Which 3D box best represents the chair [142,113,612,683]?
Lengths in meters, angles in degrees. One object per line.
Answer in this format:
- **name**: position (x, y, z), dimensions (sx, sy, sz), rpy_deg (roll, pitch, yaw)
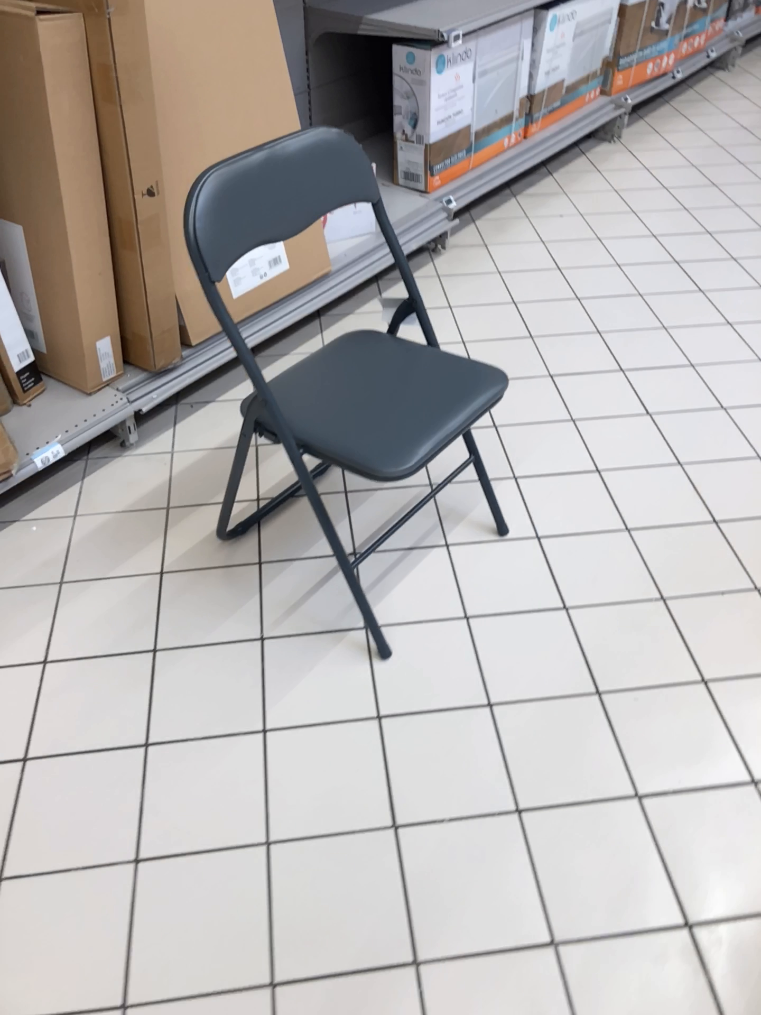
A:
- **chair**: position (0.008, -0.211, 1.534), dimensions (0.500, 0.756, 0.553), rpy_deg (25, 47, 25)
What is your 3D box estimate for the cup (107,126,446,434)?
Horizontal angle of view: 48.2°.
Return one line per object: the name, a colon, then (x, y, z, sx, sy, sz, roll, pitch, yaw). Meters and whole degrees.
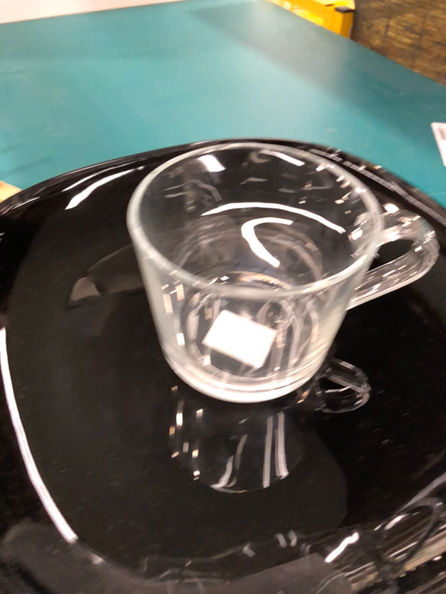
cup: (0.021, -0.016, 0.253, 0.140, 0.080, 0.120, -8, 44, -9)
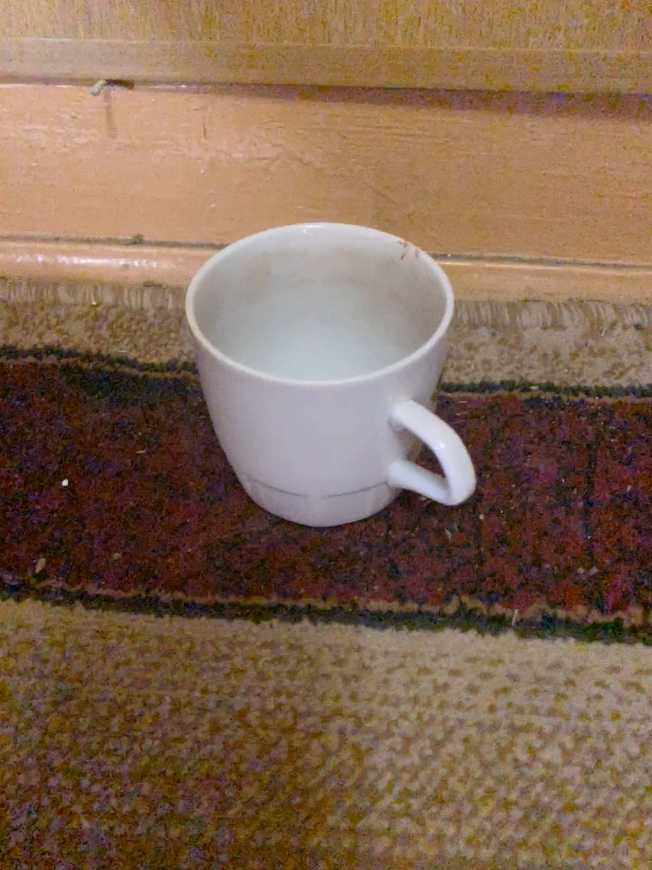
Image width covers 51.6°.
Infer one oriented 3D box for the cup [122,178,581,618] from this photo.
[{"bbox_3d":[0.005,-0.020,0.229,0.081,0.075,0.114,-34,54,-28],"label":"cup"}]
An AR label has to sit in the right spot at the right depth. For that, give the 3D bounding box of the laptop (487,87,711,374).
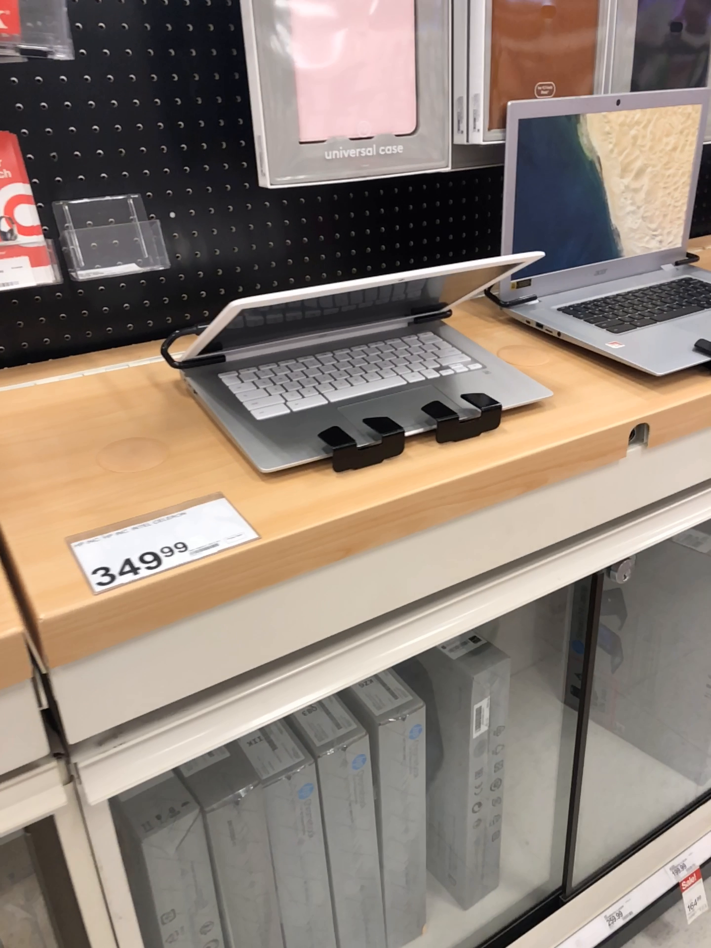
[{"bbox_3d":[0.409,-0.331,0.978,0.389,0.244,0.274,-18,33,-29],"label":"laptop"}]

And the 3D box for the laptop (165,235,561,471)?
[{"bbox_3d":[0.009,-0.143,0.795,0.330,0.100,0.216,-16,36,-26],"label":"laptop"}]
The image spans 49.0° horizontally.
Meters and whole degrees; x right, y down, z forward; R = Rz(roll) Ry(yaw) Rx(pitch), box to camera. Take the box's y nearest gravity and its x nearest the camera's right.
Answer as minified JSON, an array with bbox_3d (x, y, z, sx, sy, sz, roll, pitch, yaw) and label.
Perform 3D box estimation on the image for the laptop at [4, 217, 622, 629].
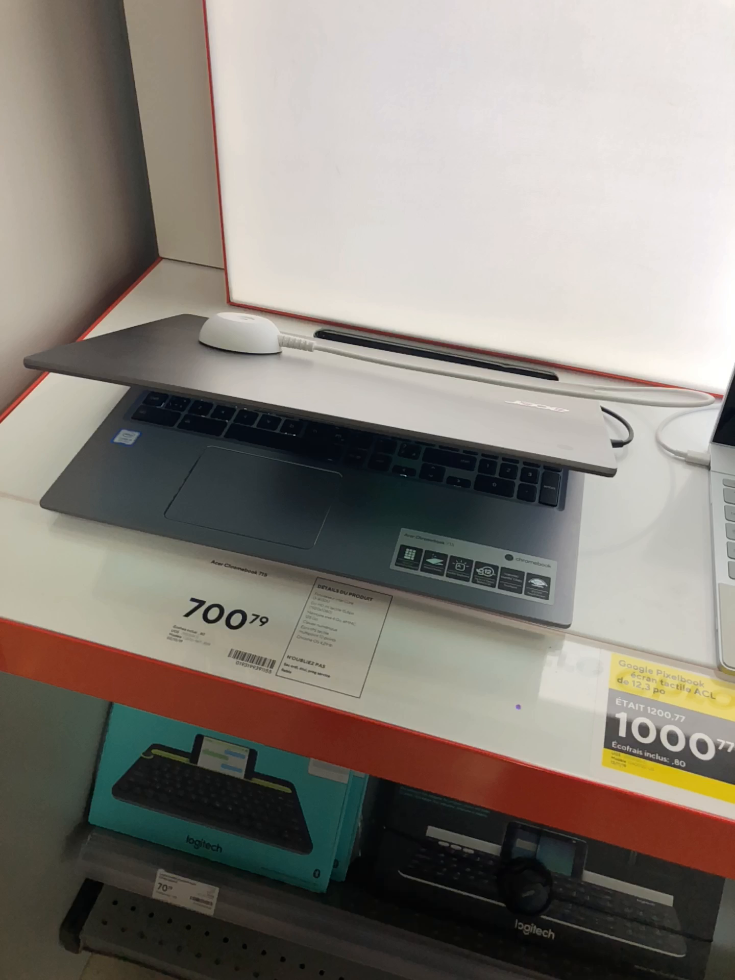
[{"bbox_3d":[-0.016,-0.067,0.571,0.356,0.105,0.237,12,43,8],"label":"laptop"}]
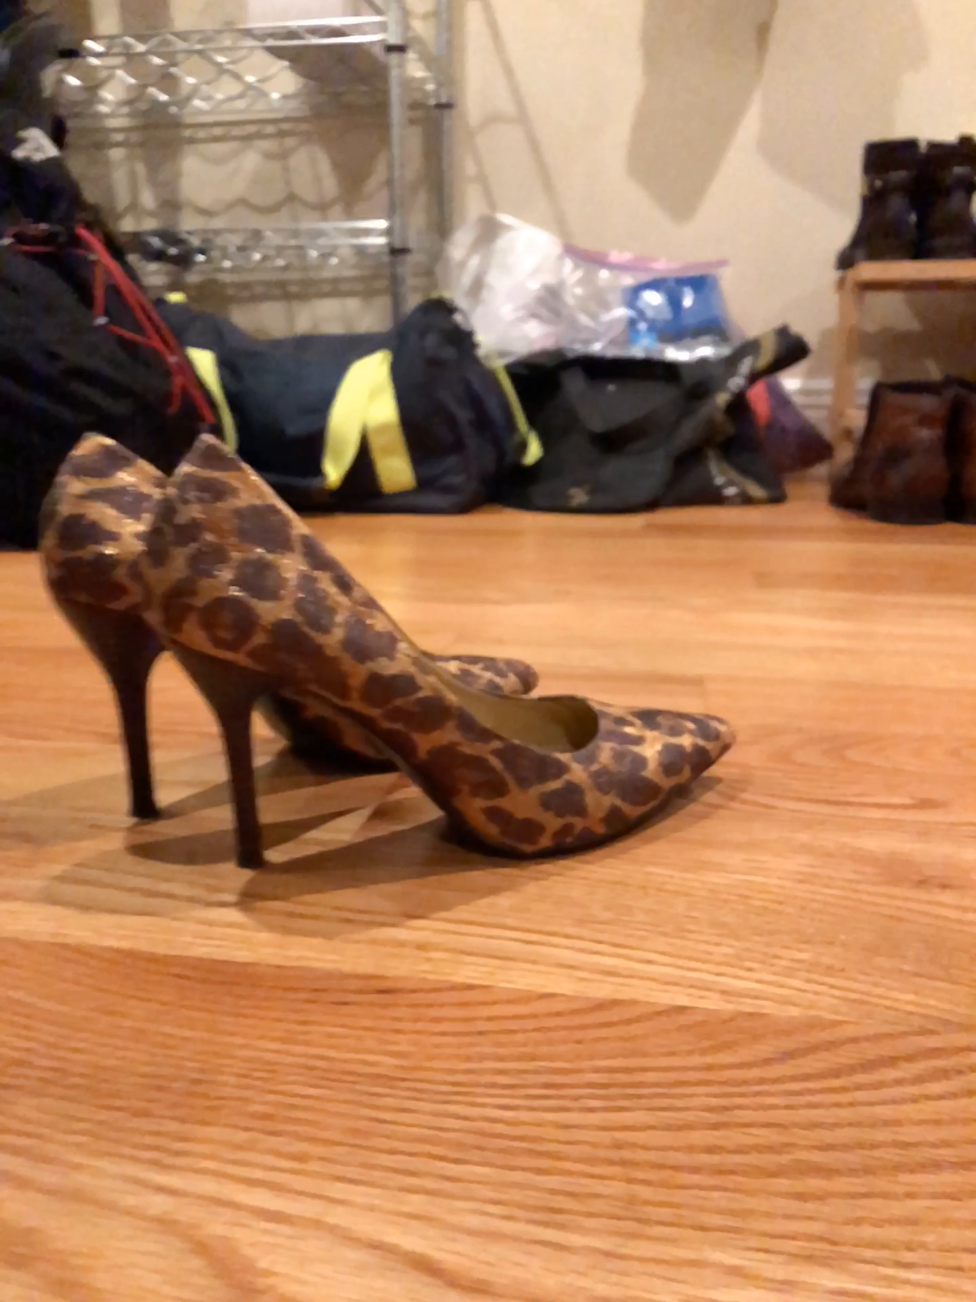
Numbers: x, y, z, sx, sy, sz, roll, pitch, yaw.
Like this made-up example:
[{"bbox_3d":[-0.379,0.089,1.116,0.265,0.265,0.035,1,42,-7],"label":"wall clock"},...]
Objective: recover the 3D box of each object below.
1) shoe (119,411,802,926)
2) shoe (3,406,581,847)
[{"bbox_3d":[-0.006,-0.010,0.386,0.219,0.144,0.084,-7,15,-25],"label":"shoe"},{"bbox_3d":[-0.070,-0.027,0.456,0.219,0.144,0.084,-11,17,-38],"label":"shoe"}]
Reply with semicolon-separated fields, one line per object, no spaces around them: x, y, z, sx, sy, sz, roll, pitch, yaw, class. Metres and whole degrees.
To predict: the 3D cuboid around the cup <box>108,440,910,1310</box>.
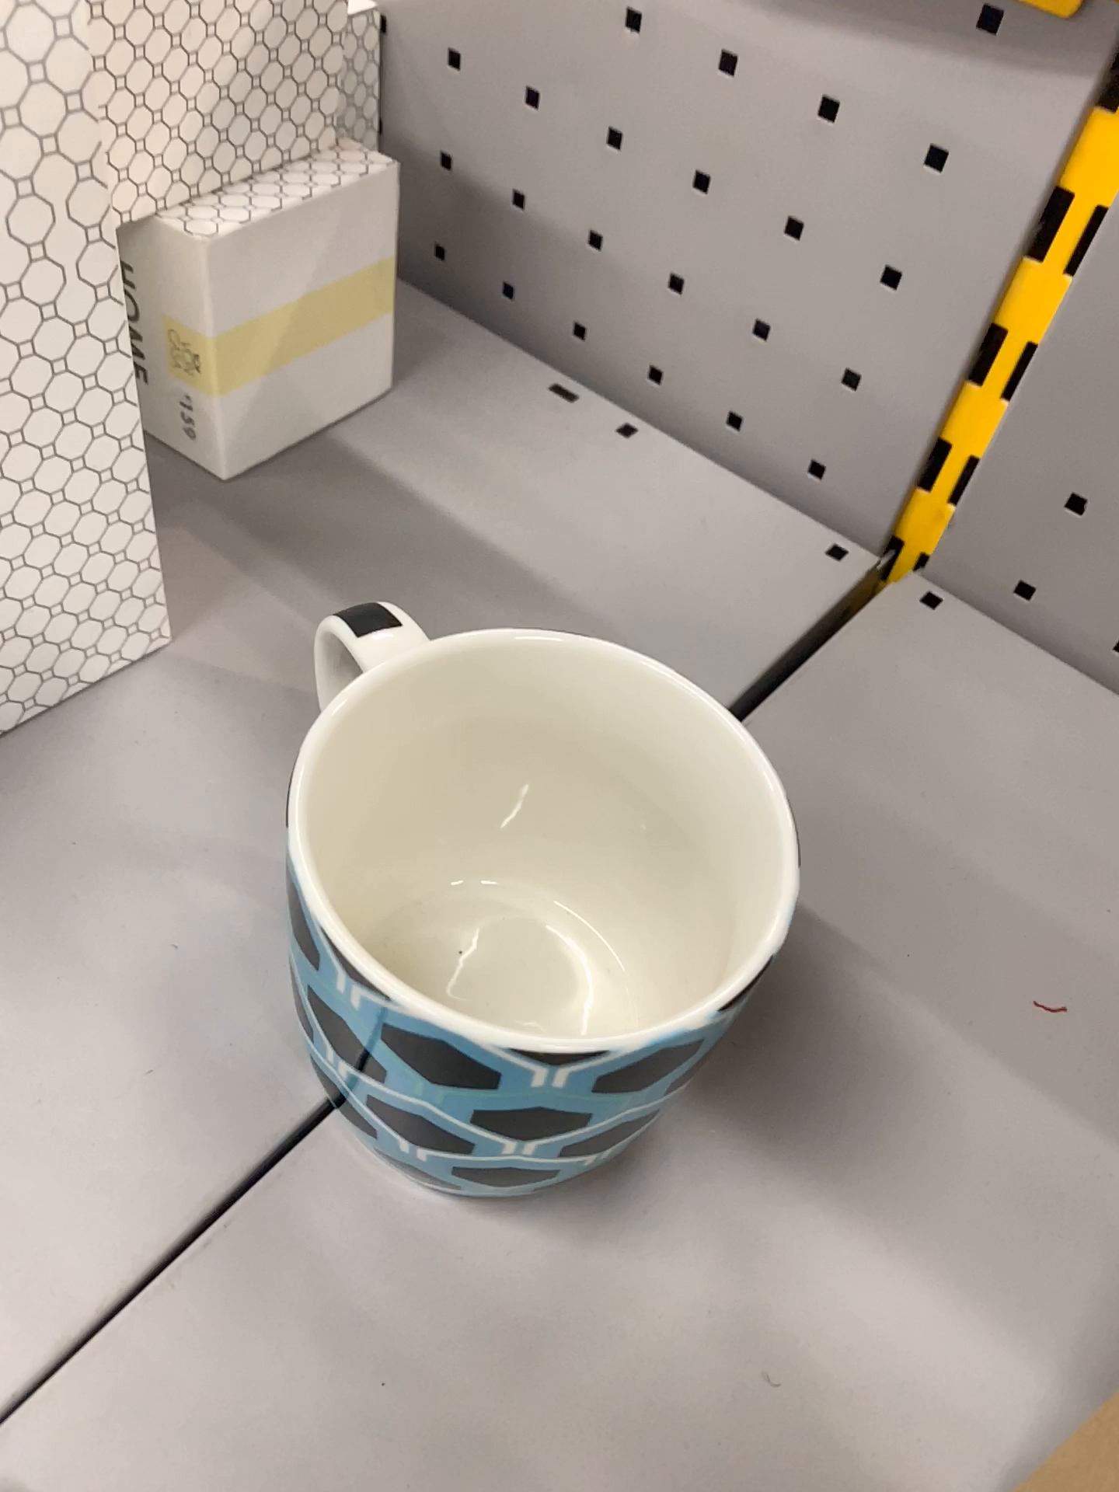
-0.019;0.020;0.231;0.090;0.090;0.120;-20;57;-26;cup
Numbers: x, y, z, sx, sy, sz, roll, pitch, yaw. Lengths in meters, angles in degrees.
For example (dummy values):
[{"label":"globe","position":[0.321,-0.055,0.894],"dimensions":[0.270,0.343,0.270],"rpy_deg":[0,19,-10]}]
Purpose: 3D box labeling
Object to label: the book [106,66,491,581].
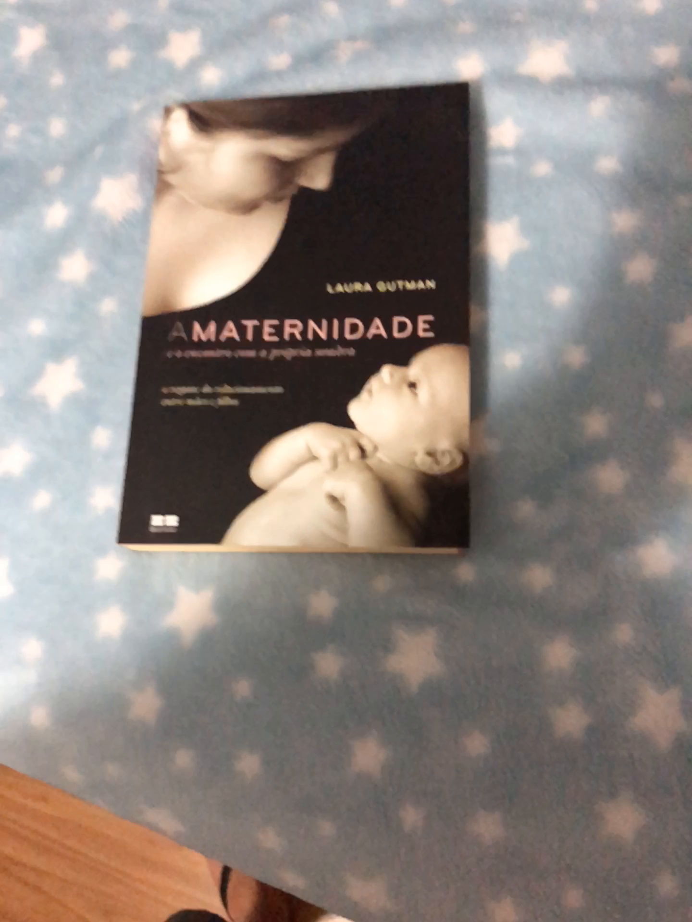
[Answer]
[{"label":"book","position":[-0.015,-0.069,0.361],"dimensions":[0.160,0.030,0.240],"rpy_deg":[0,74,8]}]

______________________________

● **WHAT THE TASK REQUIRES**: Report every line of the data above that contains the string "Numbers" by copying it in full.

● **TASK RESULT**:
Numbers: x, y, z, sx, sy, sz, roll, pitch, yaw.
Numbers: x, y, z, sx, sy, sz, roll, pitch, yaw. Lengths in meters, angles in degrees.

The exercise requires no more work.